🤖 AI Summary
This study addresses the uncertainty regarding which structural properties of knowledge graphs genuinely influence large language models (LLMs) in generating scientific hypotheses. By systematically perturbing graph density, ontological richness, and topological structure, the authors evaluate their impact on hypothesis generation for battery materials across multiple LLMs—Mistral-7B, Llama-3.1-70B, and Gemini 2.5 Flash. They propose the “compressed knowledge graph” hypothesis, combining top-k subgraph extraction with random and topology-aware sampling strategies, and demonstrate that critical graph signals can be effectively preserved within compact, structured subgraphs. These subgraphs often approximate the performance of the full knowledge graph, though the efficacy exhibits model dependence. This work thus reveals a promising pathway toward efficiently leveraging knowledge graphs to guide scientific discovery.
📝 Abstract
Knowledge graphs (KGs) can provide structured scientific context to language models, but it remains unclear which graph facts actually shape the generated hypotheses. We study KG-guided hypothesis generation for battery materials across Mistral-7B, Llama-3.1-70B, and Gemini 2.5 Flash.
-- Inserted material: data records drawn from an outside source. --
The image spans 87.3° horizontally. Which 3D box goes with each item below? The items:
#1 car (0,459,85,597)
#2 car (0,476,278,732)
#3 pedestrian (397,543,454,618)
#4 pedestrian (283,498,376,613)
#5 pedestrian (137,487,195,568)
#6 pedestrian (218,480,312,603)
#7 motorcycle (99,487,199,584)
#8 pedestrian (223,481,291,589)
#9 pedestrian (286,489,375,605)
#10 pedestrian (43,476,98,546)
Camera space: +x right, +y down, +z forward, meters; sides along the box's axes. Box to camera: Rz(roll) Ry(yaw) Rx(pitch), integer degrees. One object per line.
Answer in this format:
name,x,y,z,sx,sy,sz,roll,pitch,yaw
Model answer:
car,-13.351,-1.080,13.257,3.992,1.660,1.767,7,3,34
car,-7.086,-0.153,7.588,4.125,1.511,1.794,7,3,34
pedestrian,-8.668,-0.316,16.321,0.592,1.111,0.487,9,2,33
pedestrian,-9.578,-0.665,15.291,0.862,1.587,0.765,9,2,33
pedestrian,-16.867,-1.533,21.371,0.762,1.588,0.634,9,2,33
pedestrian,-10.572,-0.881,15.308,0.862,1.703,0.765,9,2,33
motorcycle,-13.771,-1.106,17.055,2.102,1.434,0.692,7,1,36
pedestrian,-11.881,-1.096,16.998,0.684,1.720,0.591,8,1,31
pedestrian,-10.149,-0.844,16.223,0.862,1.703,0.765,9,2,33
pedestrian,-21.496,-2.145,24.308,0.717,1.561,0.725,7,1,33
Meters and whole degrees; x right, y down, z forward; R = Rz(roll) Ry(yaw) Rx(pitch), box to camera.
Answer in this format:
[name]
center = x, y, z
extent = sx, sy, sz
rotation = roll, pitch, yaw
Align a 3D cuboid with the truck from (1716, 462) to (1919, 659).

We perturb local KGs by varying density, ontology richness, topology, and control structure, and evaluate outputs with both provided-graph and fixed-reference metrics. Across models, KG utility is selective and model-dependent: graph context changes outputs, but no-KG outputs also recover substantial graph content from model priors. Compact top-k subgraphs often approximate full-KG behavior, including when claimed-outcome triples are held out. At the same time, compression is not unique to one semantic ranking rule, random and topology-based subsets can also recover much of the signal. These results support a redundancy-aware Compressive KG hypothesis: useful KG signal is often recoverable from compact, scientifically structured subgraphs rather than requiring the full local graph.